--- What the task asks ---
Your output should repeat each record below with no differences.
──────── Extracted information
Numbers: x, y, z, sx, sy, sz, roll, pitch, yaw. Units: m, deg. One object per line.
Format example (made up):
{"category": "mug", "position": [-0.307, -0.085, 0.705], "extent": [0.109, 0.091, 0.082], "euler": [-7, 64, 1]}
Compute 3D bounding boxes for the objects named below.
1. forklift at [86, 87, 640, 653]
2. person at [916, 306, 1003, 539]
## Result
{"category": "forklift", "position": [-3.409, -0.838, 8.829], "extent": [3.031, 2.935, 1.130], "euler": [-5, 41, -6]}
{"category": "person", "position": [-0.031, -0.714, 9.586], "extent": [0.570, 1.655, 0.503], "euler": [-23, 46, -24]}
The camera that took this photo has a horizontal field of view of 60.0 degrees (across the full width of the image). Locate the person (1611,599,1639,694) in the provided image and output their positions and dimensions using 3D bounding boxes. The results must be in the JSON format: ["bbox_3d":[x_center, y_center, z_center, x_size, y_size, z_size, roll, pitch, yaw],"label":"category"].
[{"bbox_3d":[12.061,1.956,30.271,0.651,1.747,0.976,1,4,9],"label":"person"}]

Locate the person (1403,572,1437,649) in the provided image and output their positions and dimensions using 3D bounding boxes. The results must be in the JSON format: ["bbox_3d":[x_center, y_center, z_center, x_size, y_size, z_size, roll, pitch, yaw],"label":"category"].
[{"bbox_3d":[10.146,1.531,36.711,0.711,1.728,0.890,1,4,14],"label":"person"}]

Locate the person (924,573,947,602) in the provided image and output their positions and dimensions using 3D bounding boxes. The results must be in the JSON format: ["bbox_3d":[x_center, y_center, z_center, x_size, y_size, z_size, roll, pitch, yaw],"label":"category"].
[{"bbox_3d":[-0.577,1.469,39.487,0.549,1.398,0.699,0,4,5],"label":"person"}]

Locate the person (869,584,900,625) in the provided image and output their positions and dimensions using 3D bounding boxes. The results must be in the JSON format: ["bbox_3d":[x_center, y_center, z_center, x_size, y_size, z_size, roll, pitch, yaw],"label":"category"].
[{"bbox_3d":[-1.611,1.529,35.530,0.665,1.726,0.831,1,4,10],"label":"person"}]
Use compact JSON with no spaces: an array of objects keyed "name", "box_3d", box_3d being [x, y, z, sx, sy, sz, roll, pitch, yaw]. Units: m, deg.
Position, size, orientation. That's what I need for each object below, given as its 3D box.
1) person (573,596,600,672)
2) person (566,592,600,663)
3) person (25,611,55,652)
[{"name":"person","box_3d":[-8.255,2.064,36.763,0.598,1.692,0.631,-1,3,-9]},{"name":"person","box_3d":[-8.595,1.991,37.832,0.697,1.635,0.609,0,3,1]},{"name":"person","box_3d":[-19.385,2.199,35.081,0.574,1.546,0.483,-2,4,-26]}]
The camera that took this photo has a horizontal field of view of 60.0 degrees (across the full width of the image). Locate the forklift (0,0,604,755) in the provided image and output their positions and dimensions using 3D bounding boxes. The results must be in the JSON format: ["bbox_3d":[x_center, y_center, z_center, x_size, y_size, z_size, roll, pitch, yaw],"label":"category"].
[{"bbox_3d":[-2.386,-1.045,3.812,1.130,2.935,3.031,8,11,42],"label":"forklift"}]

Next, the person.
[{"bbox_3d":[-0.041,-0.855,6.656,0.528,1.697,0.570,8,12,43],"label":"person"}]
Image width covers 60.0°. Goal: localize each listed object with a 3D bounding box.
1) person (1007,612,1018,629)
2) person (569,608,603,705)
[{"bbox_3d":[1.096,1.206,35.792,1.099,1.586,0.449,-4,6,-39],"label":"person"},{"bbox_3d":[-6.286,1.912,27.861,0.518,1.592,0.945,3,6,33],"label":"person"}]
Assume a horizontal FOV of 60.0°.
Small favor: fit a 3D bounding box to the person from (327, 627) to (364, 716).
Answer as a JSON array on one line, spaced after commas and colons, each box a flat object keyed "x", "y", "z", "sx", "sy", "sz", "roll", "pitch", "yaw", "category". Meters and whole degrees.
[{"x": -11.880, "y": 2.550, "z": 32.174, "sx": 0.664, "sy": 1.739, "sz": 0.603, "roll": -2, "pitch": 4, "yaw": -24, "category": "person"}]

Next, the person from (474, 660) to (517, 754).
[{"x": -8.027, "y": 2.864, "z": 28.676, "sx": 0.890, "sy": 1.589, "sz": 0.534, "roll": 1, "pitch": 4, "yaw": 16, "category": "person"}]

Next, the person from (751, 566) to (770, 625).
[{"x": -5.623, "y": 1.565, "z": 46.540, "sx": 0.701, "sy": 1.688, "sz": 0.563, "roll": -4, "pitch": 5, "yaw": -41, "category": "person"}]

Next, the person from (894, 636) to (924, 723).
────────────────
--- Exercise response ---
Numbers: x, y, z, sx, sy, sz, roll, pitch, yaw. Units: m, deg. One object per line.
Format example (made up):
{"category": "mug", "position": [-0.307, -0.085, 0.705], "extent": [0.109, 0.091, 0.082], "euler": [-7, 64, 1]}
Compute 3D bounding boxes for the objects named below.
1. forklift at [86, 87, 640, 653]
2. person at [916, 306, 1003, 539]
## Result
{"category": "forklift", "position": [-3.409, -0.838, 8.829], "extent": [3.031, 2.935, 1.130], "euler": [-5, 41, -6]}
{"category": "person", "position": [-0.031, -0.714, 9.586], "extent": [0.570, 1.655, 0.503], "euler": [-23, 46, -24]}
The camera that took this photo has a horizontal field of view of 60.0 degrees (across the full width of the image). Locate the person (1611,599,1639,694) in the provided image and output their positions and dimensions using 3D bounding boxes. The results must be in the JSON format: ["bbox_3d":[x_center, y_center, z_center, x_size, y_size, z_size, roll, pitch, yaw],"label":"category"].
[{"bbox_3d":[12.061,1.956,30.271,0.651,1.747,0.976,1,4,9],"label":"person"}]

Locate the person (1403,572,1437,649) in the provided image and output their positions and dimensions using 3D bounding boxes. The results must be in the JSON format: ["bbox_3d":[x_center, y_center, z_center, x_size, y_size, z_size, roll, pitch, yaw],"label":"category"].
[{"bbox_3d":[10.146,1.531,36.711,0.711,1.728,0.890,1,4,14],"label":"person"}]

Locate the person (924,573,947,602) in the provided image and output their positions and dimensions using 3D bounding boxes. The results must be in the JSON format: ["bbox_3d":[x_center, y_center, z_center, x_size, y_size, z_size, roll, pitch, yaw],"label":"category"].
[{"bbox_3d":[-0.577,1.469,39.487,0.549,1.398,0.699,0,4,5],"label":"person"}]

Locate the person (869,584,900,625) in the provided image and output their positions and dimensions using 3D bounding boxes. The results must be in the JSON format: ["bbox_3d":[x_center, y_center, z_center, x_size, y_size, z_size, roll, pitch, yaw],"label":"category"].
[{"bbox_3d":[-1.611,1.529,35.530,0.665,1.726,0.831,1,4,10],"label":"person"}]
Use compact JSON with no spaces: an array of objects keyed "name", "box_3d", box_3d being [x, y, z, sx, sy, sz, roll, pitch, yaw]. Units: m, deg.
Position, size, orientation. That's what I need for each object below, given as its 3D box.
1) person (573,596,600,672)
2) person (566,592,600,663)
3) person (25,611,55,652)
[{"name":"person","box_3d":[-8.255,2.064,36.763,0.598,1.692,0.631,-1,3,-9]},{"name":"person","box_3d":[-8.595,1.991,37.832,0.697,1.635,0.609,0,3,1]},{"name":"person","box_3d":[-19.385,2.199,35.081,0.574,1.546,0.483,-2,4,-26]}]
The camera that took this photo has a horizontal field of view of 60.0 degrees (across the full width of the image). Locate the forklift (0,0,604,755) in the provided image and output their positions and dimensions using 3D bounding boxes. The results must be in the JSON format: ["bbox_3d":[x_center, y_center, z_center, x_size, y_size, z_size, roll, pitch, yaw],"label":"category"].
[{"bbox_3d":[-2.386,-1.045,3.812,1.130,2.935,3.031,8,11,42],"label":"forklift"}]

Next, the person.
[{"bbox_3d":[-0.041,-0.855,6.656,0.528,1.697,0.570,8,12,43],"label":"person"}]
Image width covers 60.0°. Goal: localize each listed object with a 3D bounding box.
1) person (1007,612,1018,629)
2) person (569,608,603,705)
[{"bbox_3d":[1.096,1.206,35.792,1.099,1.586,0.449,-4,6,-39],"label":"person"},{"bbox_3d":[-6.286,1.912,27.861,0.518,1.592,0.945,3,6,33],"label":"person"}]
Assume a horizontal FOV of 60.0°.
Small favor: fit a 3D bounding box to the person from (327, 627) to (364, 716).
Answer as a JSON array on one line, spaced after commas and colons, each box a flat object keyed "x", "y", "z", "sx", "sy", "sz", "roll", "pitch", "yaw", "category". Meters and whole degrees.
[{"x": -11.880, "y": 2.550, "z": 32.174, "sx": 0.664, "sy": 1.739, "sz": 0.603, "roll": -2, "pitch": 4, "yaw": -24, "category": "person"}]

Next, the person from (474, 660) to (517, 754).
[{"x": -8.027, "y": 2.864, "z": 28.676, "sx": 0.890, "sy": 1.589, "sz": 0.534, "roll": 1, "pitch": 4, "yaw": 16, "category": "person"}]

Next, the person from (751, 566) to (770, 625).
[{"x": -5.623, "y": 1.565, "z": 46.540, "sx": 0.701, "sy": 1.688, "sz": 0.563, "roll": -4, "pitch": 5, "yaw": -41, "category": "person"}]

Next, the person from (894, 636) to (924, 723).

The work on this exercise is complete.